Occupy Nashville was never really Nashville to me

Both print press outlets, the Tennessean and SouthComm (via the City Paper), are giving generally sympathetic coverage to "Occupy Nashville" this Christmas season, in keeping with the dominant script about Occupy Wall Street.

Over at the City Paper reporter Steven Hale waxed melodramatic:

While Occupy factions around the country have continued to face harsh crackdowns, the Nashville encampment has endured. Having declared multiple victories over the state, their claim on the so-called “People’s Plaza” remains intact. And for the time being, Nashville remains occupied.

The Nashville occupiers have endured without ever taking on the machine of Metro Nashville. So, how can reporter Hale conclude that Nashville itself remains occupied? A state-owned square remains occupied in a national organizing context that may be shifting away from tent cities in municipal parks.

The Tennessean account is at least more realistic about the intentions of the occupiers in Legislative Plaza: ON is not focused on separating corporate influence on Metro at all. Instead, they are holding out for January, when the General Assembly will once again convene.
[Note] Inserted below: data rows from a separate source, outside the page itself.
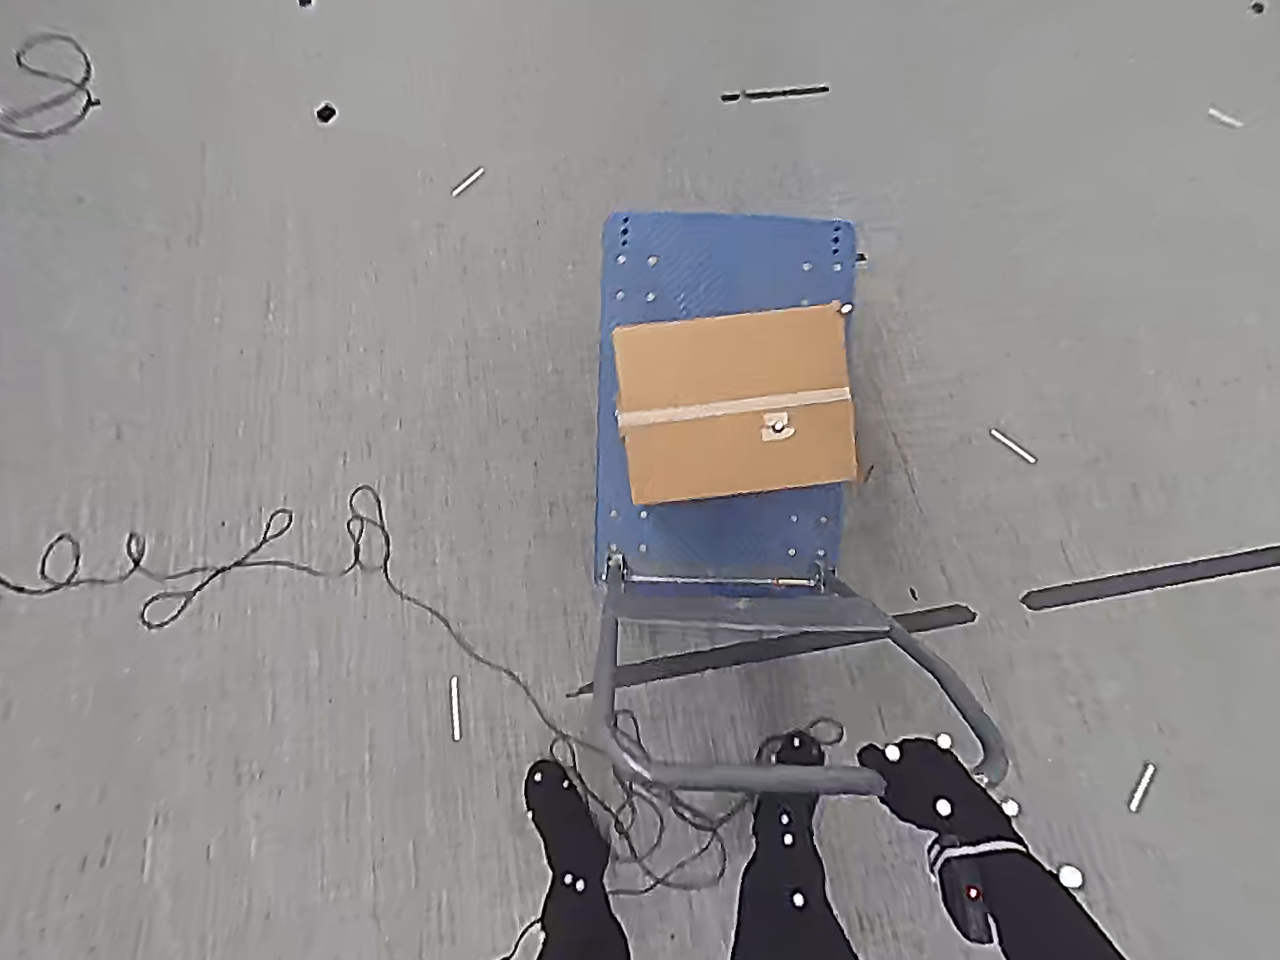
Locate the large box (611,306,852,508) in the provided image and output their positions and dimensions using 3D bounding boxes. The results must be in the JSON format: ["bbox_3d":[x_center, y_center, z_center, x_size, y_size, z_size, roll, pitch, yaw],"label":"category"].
[{"bbox_3d":[0.162,-0.137,1.108,0.408,0.320,0.320,-8,95,-1],"label":"large box"}]
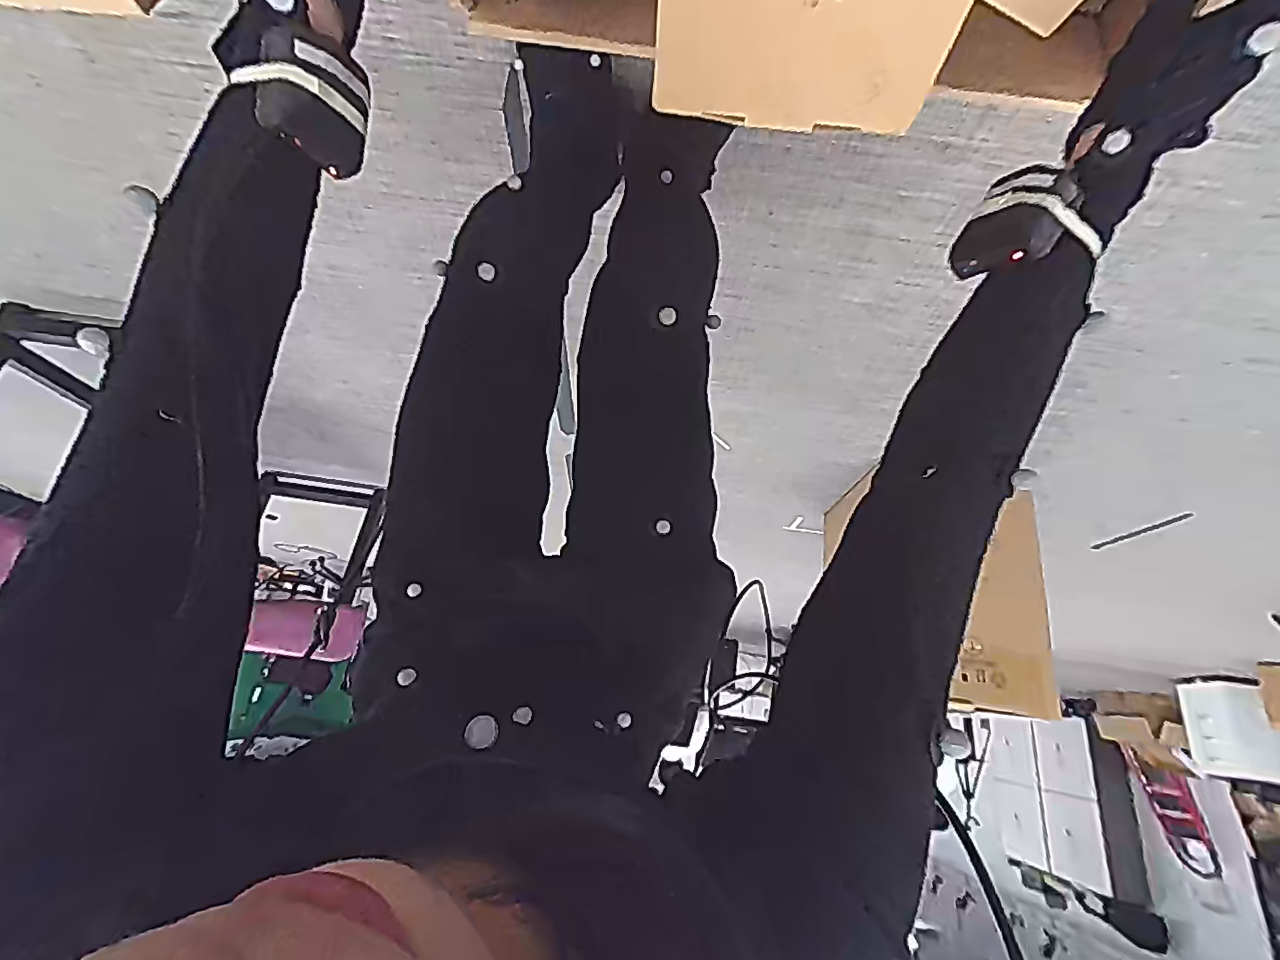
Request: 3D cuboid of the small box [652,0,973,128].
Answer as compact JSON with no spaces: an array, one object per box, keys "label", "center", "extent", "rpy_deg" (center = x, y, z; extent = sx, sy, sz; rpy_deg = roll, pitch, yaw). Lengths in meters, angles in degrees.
[{"label":"small box","center":[0.100,-0.336,0.291],"extent":[0.168,0.176,0.179],"rpy_deg":[6,156,2]}]
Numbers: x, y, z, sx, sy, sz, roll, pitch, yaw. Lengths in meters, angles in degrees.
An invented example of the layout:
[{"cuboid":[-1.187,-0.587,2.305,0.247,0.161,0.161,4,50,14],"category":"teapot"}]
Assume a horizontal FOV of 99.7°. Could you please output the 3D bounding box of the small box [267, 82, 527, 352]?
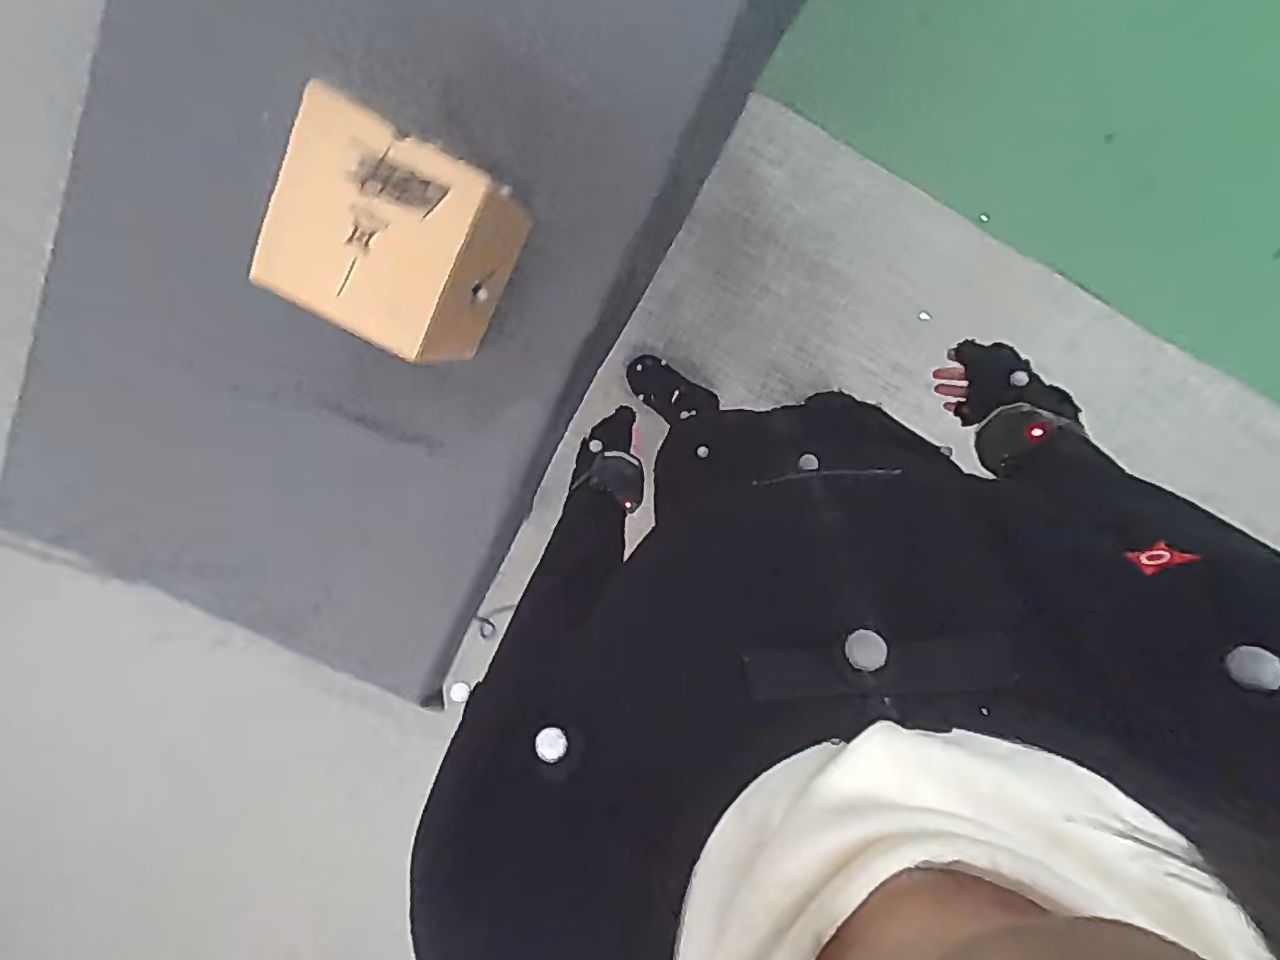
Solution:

Yet, the question remains, why call it Occupy "Nashville"?

If I may deviate from the media script for a second: before Occupy Nashville appeared on the scene demanding the separation of corporations and government while leveraging no observable separations, 11,000 Nashvillians organized to leverage a referendum to check Mayor Karl Dean's unilateral grab of the community planning process on the question of the Fairgrounds. The Mayor was set to make a lot of influential suitors in various industries richer at the expense of the democratic process. That was until he was turned back convincingly both by petition and by the ballot itself.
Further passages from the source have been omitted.